Improving Factual Error Correction for Abstractive Summarization via Data Distillation and Conditional-generation Cloze
Yiyang Li, Lei Li, Dingxin Hu, Xueyi Hao, Marina Litvak, Natalia Vanetik, Yanquan Zhou
TL;DR
The paper tackles the challenge of factual inconsistency in abstractive summarization by introducing FactCloze, a cloze-based factual error correction model, and SummDSC, a multi-dimensionally filtered, distilled faithful dataset.
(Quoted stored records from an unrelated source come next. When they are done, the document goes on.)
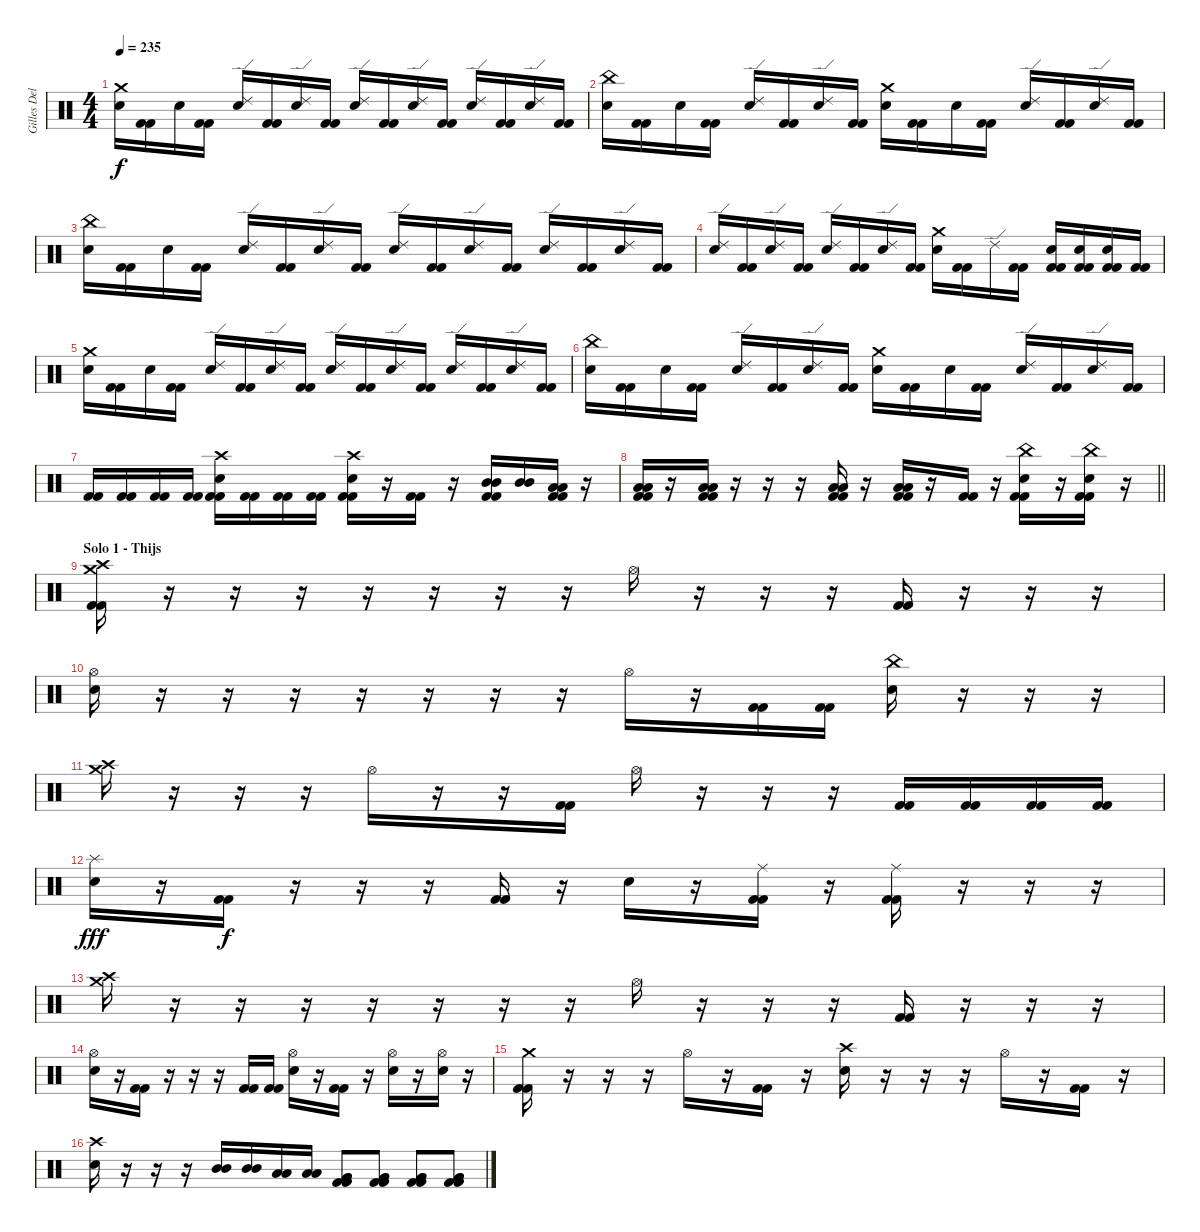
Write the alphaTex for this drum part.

\track ("Gilles Delecroix" "Gilles Del") {instrument percussion}
\staff {score}
\articulation defaults
\ts (4 4)
\tempo 235
\clef neutral
\ks c
("Crash medium (hit)" "Electric Snare (hit)").16{dy f} ("Kick (hit) 2" "Kick (hit) 2").16 "Electric Snare (hit)".16 ("Kick (hit) 2" "Kick (hit) 2").16 ("Ride (edge) 2" "Electric Snare (hit)").16 ("Kick (hit) 2" "Kick (hit) 2").16 ("Ride (edge) 2" "Electric Snare (hit)").16 ("Kick (hit) 2" "Kick (hit) 2").16 ("Ride (edge) 2" "Electric Snare (hit)").16 ("Kick (hit) 2" "Kick (hit) 2").16 ("Ride (edge) 2" "Electric Snare (hit)").16 ("Kick (hit) 2" "Kick (hit) 2").16 ("Ride (edge) 2" "Electric Snare (hit)").16 ("Kick (hit) 2" "Kick (hit) 2").16 ("Ride (edge) 2" "Electric Snare (hit)").16 ("Kick (hit) 2" "Kick (hit) 2").16 |
("China (hit)" "Electric Snare (hit)").16 ("Kick (hit) 2" "Kick (hit) 2").16 "Electric Snare (hit)".16 ("Kick (hit) 2" "Kick (hit) 2").16 ("Ride (edge) 2" "Electric Snare (hit)").16 ("Kick (hit) 2" "Kick (hit) 2").16 ("Ride (edge) 2" "Electric Snare (hit)").16 ("Kick (hit) 2" "Kick (hit) 2").16 ("Crash medium (hit)" "Electric Snare (hit)").16 ("Kick (hit) 2" "Kick (hit) 2").16 "Electric Snare (hit)".16 ("Kick (hit) 2" "Kick (hit) 2").16 ("Ride (edge) 2" "Electric Snare (hit)").16 ("Kick (hit) 2" "Kick (hit) 2").16 ("Ride (edge) 2" "Electric Snare (hit)").16 ("Kick (hit) 2" "Kick (hit) 2").16 |
("China (hit)" "Electric Snare (hit)").16 ("Kick (hit) 2" "Kick (hit) 2").16 "Electric Snare (hit)".16 ("Kick (hit) 2" "Kick (hit) 2").16 ("Ride (edge) 2" "Electric Snare (hit)").16 ("Kick (hit) 2" "Kick (hit) 2").16 ("Ride (edge) 2" "Electric Snare (hit)").16 ("Kick (hit) 2" "Kick (hit) 2").16 ("Ride (edge) 2" "Electric Snare (hit)").16 ("Kick (hit) 2" "Kick (hit) 2").16 ("Ride (edge) 2" "Electric Snare (hit)").16 ("Kick (hit) 2" "Kick (hit) 2").16 ("Ride (edge) 2" "Electric Snare (hit)").16 ("Kick (hit) 2" "Kick (hit) 2").16 ("Ride (edge) 2" "Electric Snare (hit)").16 ("Kick (hit) 2" "Kick (hit) 2").16 |
("Ride (edge) 2" "Electric Snare (hit)").16 ("Kick (hit) 2" "Kick (hit) 2").16 ("Ride (edge) 2" "Electric Snare (hit)").16 ("Kick (hit) 2" "Kick (hit) 2").16 ("Ride (edge) 2" "Electric Snare (hit)").16 ("Kick (hit) 2" "Kick (hit) 2").16 ("Ride (edge) 2" "Electric Snare (hit)").16 ("Kick (hit) 2" "Kick (hit) 2").16 ("Crash medium (hit)" "Electric Snare (hit)").16 ("Kick (hit) 2" "Kick (hit) 2").16 "Ride (edge) 2".16 ("Kick (hit) 2" "Kick (hit) 2").16 ("Electric Snare (hit)" "Kick (hit) 2" "Kick (hit) 2").16 ("Electric Snare (hit)" "Kick (hit) 2" "Kick (hit) 2").16 ("Electric Snare (hit)" "Kick (hit) 2" "Kick (hit) 2").16 ("Kick (hit) 2" "Kick (hit) 2").16 |
("Crash medium (hit)" "Electric Snare (hit)").16 ("Kick (hit) 2" "Kick (hit) 2").16 "Electric Snare (hit)".16 ("Kick (hit) 2" "Kick (hit) 2").16 ("Ride (edge) 2" "Electric Snare (hit)").16 ("Kick (hit) 2" "Kick (hit) 2").16 ("Ride (edge) 2" "Electric Snare (hit)").16 ("Kick (hit) 2" "Kick (hit) 2").16 ("Ride (edge) 2" "Electric Snare (hit)").16 ("Kick (hit) 2" "Kick (hit) 2").16 ("Ride (edge) 2" "Electric Snare (hit)").16 ("Kick (hit) 2" "Kick (hit) 2").16 ("Ride (edge) 2" "Electric Snare (hit)").16 ("Kick (hit) 2" "Kick (hit) 2").16 ("Ride (edge) 2" "Electric Snare (hit)").16 ("Kick (hit) 2" "Kick (hit) 2").16 |
("China (hit)" "Electric Snare (hit)").16 ("Kick (hit) 2" "Kick (hit) 2").16 "Electric Snare (hit)".16 ("Kick (hit) 2" "Kick (hit) 2").16 ("Ride (edge) 2" "Electric Snare (hit)").16 ("Kick (hit) 2" "Kick (hit) 2").16 ("Ride (edge) 2" "Electric Snare (hit)").16 ("Kick (hit) 2" "Kick (hit) 2").16 ("Crash medium (hit)" "Electric Snare (hit)").16 ("Kick (hit) 2" "Kick (hit) 2").16 "Electric Snare (hit)".16 ("Kick (hit) 2" "Kick (hit) 2").16 ("Ride (edge) 2" "Electric Snare (hit)").16 ("Kick (hit) 2" "Kick (hit) 2").16 ("Ride (edge) 2" "Electric Snare (hit)").16 ("Kick (hit) 2" "Kick (hit) 2").16 |
("Kick (hit) 2" "Kick (hit) 2").16 ("Kick (hit) 2" "Kick (hit) 2").16 ("Kick (hit) 2" "Kick (hit) 2").16 ("Kick (hit) 2" "Kick (hit) 2").16 ("Crash high (hit)" "Electric Snare (hit)" "Kick (hit) 2" "Kick (hit) 2").16 ("Kick (hit) 2" "Kick (hit) 2").16 ("Kick (hit) 2" "Kick (hit) 2").16 ("Kick (hit) 2" "Kick (hit) 2").16 ("Crash high (hit)" "Electric Snare (hit)" "Kick (hit) 2" "Kick (hit) 2").16 r.16 ("Kick (hit) 2" "Kick (hit) 2").16 r.16 ("Mid Tom (hit)" "Mid Tom (hit)" "Kick (hit) 2" "Kick (hit) 2").16 ("Mid Tom (hit)" "Mid Tom (hit)").16 ("Low Tom (hit)" "Low Tom (hit)" "Kick (hit) 2" "Kick (hit) 2").16 r.16 |
\barLineRight lightlight
("Low Tom (hit)" "Low Tom (hit)" "Kick (hit) 2" "Kick (hit) 2").16 r.16 ("Low Tom (hit)" "Low Tom (hit)" "Kick (hit) 2" "Kick (hit) 2").16 r.16 r.16 r.16 ("Low Tom (hit)" "Low Tom (hit)" "Kick (hit) 2" "Kick (hit) 2").16 r.16 ("Low Tom (hit)" "Low Tom (hit)" "Kick (hit) 2" "Kick (hit) 2").16 r.16 ("Kick (hit) 2" "Kick (hit) 2").16 r.16 ("China (hit)" "Electric Snare (hit)" "Kick (hit) 2" "Kick (hit) 2").16 r.16 ("China (hit)" "Electric Snare (hit)" "Kick (hit) 2" "Kick (hit) 2").16 r.16 |
\section ("" "Solo 1 - Thijs")
("Crash medium (hit)" "Crash high (hit)" "Kick (hit) 2" "Kick (hit) 2").16 r.16 r.16 r.16 r.16 r.16 r.16 r.16 "Hi-Hat (open)".16 r.16 r.16 r.16 ("Kick (hit) 2" "Kick (hit) 2").16 r.16 r.16 r.16 |
("Electric Snare (hit)" "Hi-Hat (open)").16 r.16 r.16 r.16 r.16 r.16 r.16 r.16 "Hi-Hat (open)".16 r.16 ("Kick (hit) 2" "Kick (hit) 2").16 ("Kick (hit) 2" "Kick (hit) 2").16 ("China (hit)" "Electric Snare (hit)").16 r.16 r.16 r.16 |
("Crash medium (hit)" "Crash high (hit)").16 r.16 r.16 r.16 "Hi-Hat (open)".16 r.16 r.16 ("Kick (hit) 2" "Kick (hit) 2").16 "Hi-Hat (open)".16 r.16 r.16 r.16 ("Kick (hit) 2" "Kick (hit) 2").16 ("Kick (hit) 2" "Kick (hit) 2").16 ("Kick (hit) 2" "Kick (hit) 2").16 ("Kick (hit) 2" "Kick (hit) 2").16 |
("Splash (hit)" "Electric Snare (hit)").16{dy fff} r.16 ("Kick (hit) 2" "Kick (hit) 2").16{dy f} r.16 r.16 r.16 ("Kick (hit) 2" "Kick (hit) 2").16 r.16 "Electric Snare (hit)".16 r.16 ("Ride (middle)" "Kick (hit) 2" "Kick (hit) 2").16 r.16 ("Ride (middle)" "Kick (hit) 2" "Kick (hit) 2").16 r.16 r.16 r.16 |
("Crash medium (hit)" "Crash high (hit)").16 r.16 r.16 r.16 r.16 r.16 r.16 r.16 "Hi-Hat (open)".16 r.16 r.16 r.16 ("Kick (hit) 2" "Kick (hit) 2").16 r.16 r.16 r.16 |
("Hi-Hat (open)" "Electric Snare (hit)").16 r.16 ("Kick (hit) 2" "Kick (hit) 2").16 r.16 r.16 r.16 ("Kick (hit) 2" "Kick (hit) 2").16 ("Kick (hit) 2" "Kick (hit) 2").16 ("Hi-Hat (open)" "Electric Snare (hit)").16 r.16 ("Kick (hit) 2" "Kick (hit) 2").16 r.16 ("Hi-Hat (open)" "Electric Snare (hit)").16 r.16 ("Hi-Hat (open)" "Electric Snare (hit)").16 r.16 |
("Crash medium (hit)" "Kick (hit) 2" "Kick (hit) 2").16 r.16 r.16 r.16 "Hi-Hat (open)".16 r.16 ("Kick (hit) 2" "Kick (hit) 2").16 r.16 ("Crash high (hit)" "Electric Snare (hit)").16 r.16 r.16 r.16 "Hi-Hat (open)".16 r.16 ("Kick (hit) 2" "Kick (hit) 2").16 r.16 |
("Crash high (hit)" "Electric Snare (hit)").16 r.16 r.16 r.16 ("Mid Tom (hit)" "Mid Tom (hit)").16 ("Mid Tom (hit)" "Mid Tom (hit)").16 ("Low Tom (hit)" "Low Tom (hit)").16 ("Low Tom (hit)" "Low Tom (hit)").16 ("Very Low Tom (hit)" "Very Low Tom (hit)" "Kick (hit) 2" "Kick (hit) 2").8 ("Very Low Tom (hit)" "Very Low Tom (hit)" "Kick (hit) 2" "Kick (hit) 2").8 ("Very Low Tom (hit)" "Very Low Tom (hit)" "Kick (hit) 2" "Kick (hit) 2").8 ("Very Low Tom (hit)" "Very Low Tom (hit)" "Kick (hit) 2" "Kick (hit) 2").8

FactCloze uses autoregressive cloze modeling (with BART and T5) to fill in masked factual factors, enabling corrections that preserve context and causality, while a self-diagnosis and post-alert mechanism mitigate over-correction and risky corrections. SummDSC improves training data fidelity through multi-metric filtering (DAE, SummaC, ClozE) and creates an alert subset to handle high-risk cases, potentially improving generalization. Across FRANK benchmarks and BART-based summarization, the combination of FactCloze and SummDSC achieves superior factual consistency metrics, with human evaluation supporting improvements in correctness and a robust post-alert strategy. The work offers practical pathways for deploying faithfulness-aware post-editing in real-world summarization systems, supported by released code and models.
Abstract
Improving factual consistency in abstractive summarization has been a focus of current research. One promising approach is the post-editing method. However, previous works have yet to make sufficient use of factual factors in summaries and suffers from the negative effect of the training datasets. In this paper, we first propose a novel factual error correction model FactCloze based on a conditional-generation cloze task. FactCloze can construct the causality among factual factors while being able to determine whether the blank can be answered or not. Then, we propose a data distillation method to generate a more faithful summarization dataset SummDSC via multiple-dimensional evaluation. We experimentally validate the effectiveness of our approach, which leads to an improvement in multiple factual consistency metrics compared to baselines.